Une philosophie de la liberté comme celle de Rousseau ne peut en effet que postuler cette tendance fondamentale au bien qui, seule, rend l’homme pleinement responsable du mal qu’il fait. On retrouve une approche assez semblable chez Kant.
On a fait de Kant une sorte d’Augustin ou de janséniste des Lumières. C’est à tort. Son ouvrage sur La religion dans les limites de la simple raison, qui lui valut des ennuis avec la censure de l’État prussien, dit à peu près le contraire de ce que les misanthropes veulent lui faire dire en reprenant, l’air désolé, les formules sur le « mal radical » et le « bois tordu dont est fait l’humanité ». Le point de départ de ce texte est, en effet, que l’homme a certes des penchants à faire le mal, mais aussi et surtout des « dispositions originaires au bien ». Encore, ce penchant au mal doit-il être différencié. Nous pouvons faire le mal en raison de la fragilité de la nature humaine (« j’ai bien le vouloir, mais l’accomplissement fait défaut »), c'est-à-dire de la faiblesse de la volonté (le problème de « l’acrasie »). Nous pouvons encore faire le mal en mêlant des motifs impurs à la loi morale : j’observe la maxime morale mais pour de mauvaises raisons. La méchanceté ou la corruption du cœur humain ne vient qu’en troisième position des raisons que nous avons de faire le mal. C’est pourquoi
La proposition : l’homme est mauvais, ne peut d’après ce qui précède avoir un autre sens que celui-ci : il est conscient de la loi morale et il a cependant admis dans ses maximes une occasionnelle déviance par rapport à elle. (VI-32)[68]
Si on peut appeler ce penchant un « mal radical », il s’agit cependant, dit Kant, d’un mal que nous avons contracté nous-mêmes et dont, par conséquent, nous pouvons nous débarrasser.
Pour comprendre le sens des thèses kantiennes sur le « mal radical », il faut en saisir le rôle stratégique : elles sont d’abord dirigées contre les thèses de la bonté naturelle de l’homme qui aurait été perverti par la civilisation, c'est-à-dire, finalement, par l’usage de l’entendement. Donc les thèses sur le mal radical sont donc le point de départ de la défense de la civilisation, c'est-à-dire de la capacité qu’à l’homme de tirer de lui-même les moyens de s’améliorer.
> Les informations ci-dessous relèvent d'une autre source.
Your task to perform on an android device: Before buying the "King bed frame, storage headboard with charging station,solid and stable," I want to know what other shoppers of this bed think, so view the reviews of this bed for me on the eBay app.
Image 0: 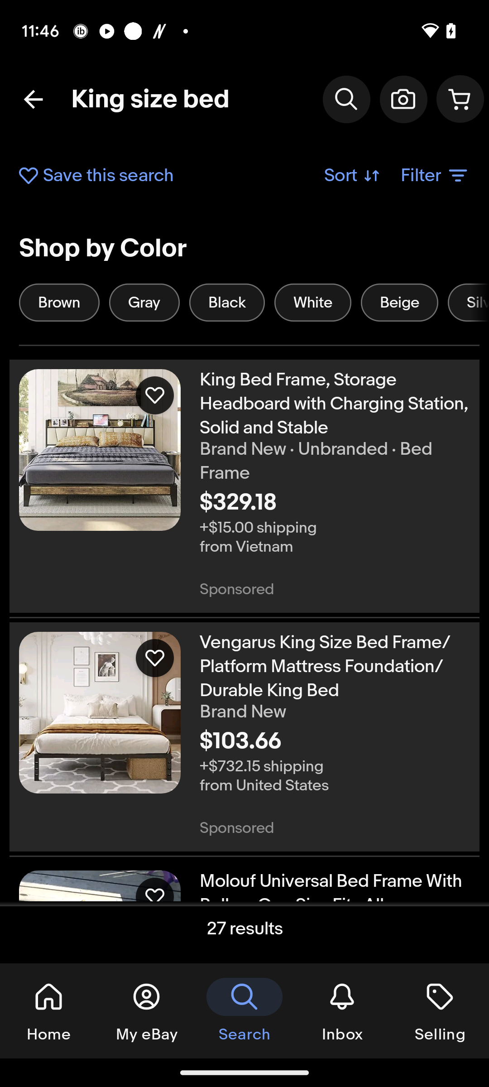
Click on the image of "King bed frame, storage headboard with charging station,solid and stable"
Step 0: click (79, 408)
Image 1: 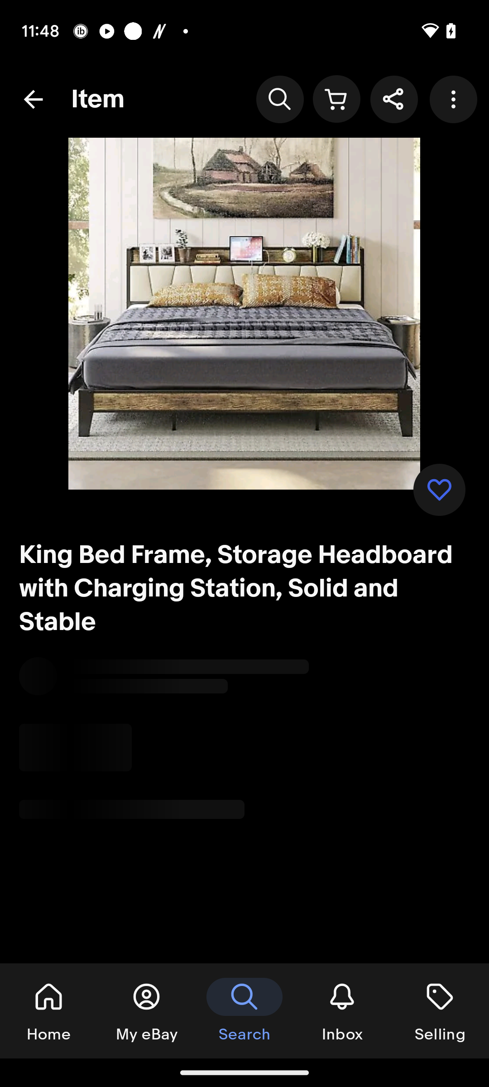
Scroll up
Step 1: scroll down
Image 2: 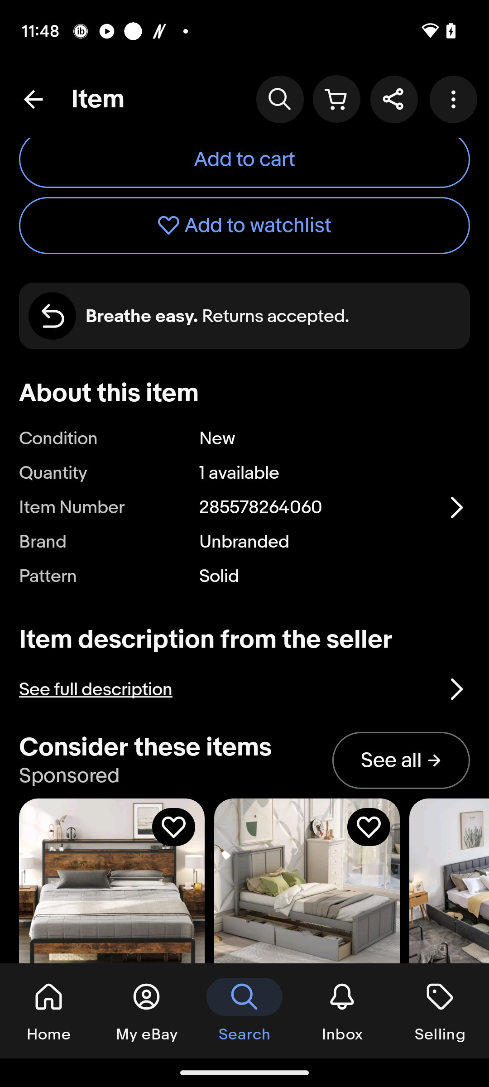
Scroll up
Step 2: scroll down
Image 3: 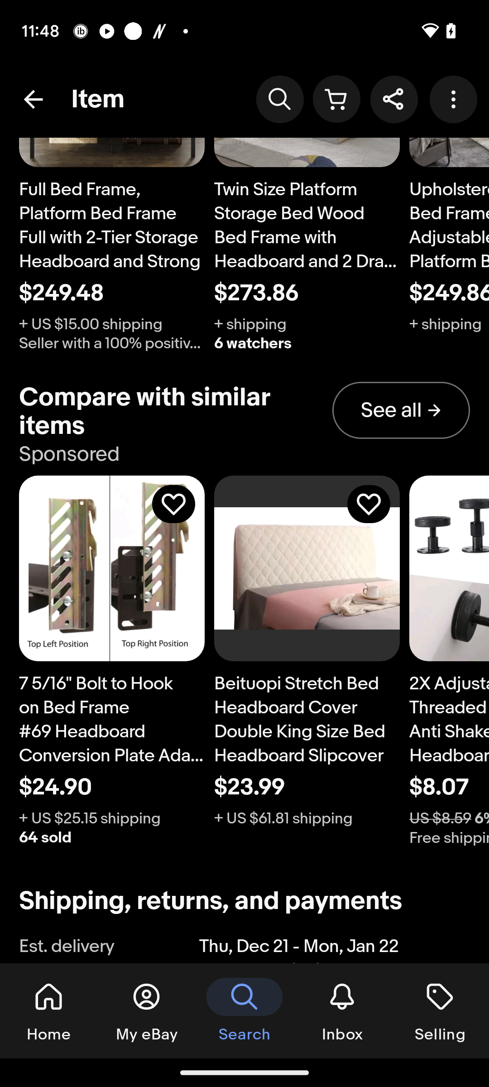
Scroll up
Step 3: scroll down
Image 4: 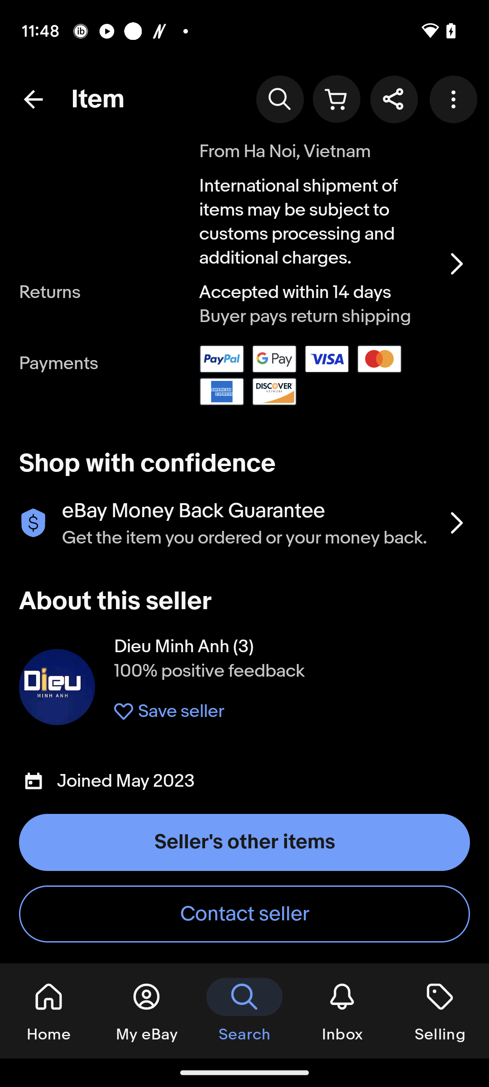
Scroll up
Step 4: scroll down
Image 5: 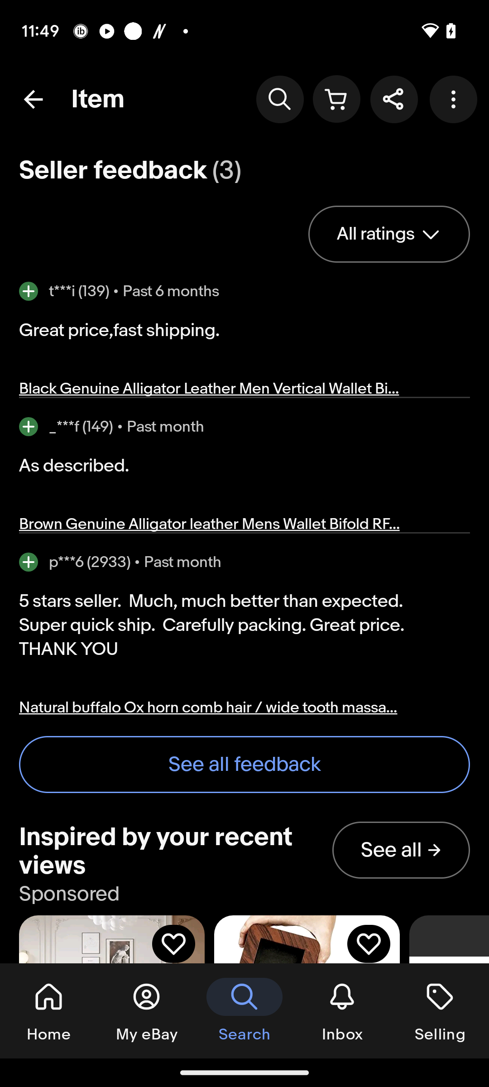
Click on the tab "See all feedback".
Step 5: click (244, 764)

Et c’est pourquoi Kant s’en prend à cet autre vice qu’est la misanthropie et à ceux qui tournent en dérision l’idéal philosophique de la paix perpétuelle et l’idéal théologique de l’amélioration de tout le genre humain (cf. VI,34).
L’exposition même de ce « mal radical » démontre plutôt qu’il n’est pas si radical que ça ! Bien que son existence puisse être prouvée empiriquement, Kant soutient que son origine ne peut résider ni dans la sensibilité et « dans les inclinations qui en dérivent », « comme on a pris l’habitude de le dire communément », ni dans la corruption de la raison législatrice. Ce que prouve le fait que
L’homme (même le plus détestable), quelles que soient les maximes dont il s’agit, ne renonce pas à la loi morale pour ainsi dire à la manière d’un rebelle (en refusant l’obéissance). La loi s’impose bien plutôt à lui de manière irrésistible en vertu de sa disposition morale ; (VI,36)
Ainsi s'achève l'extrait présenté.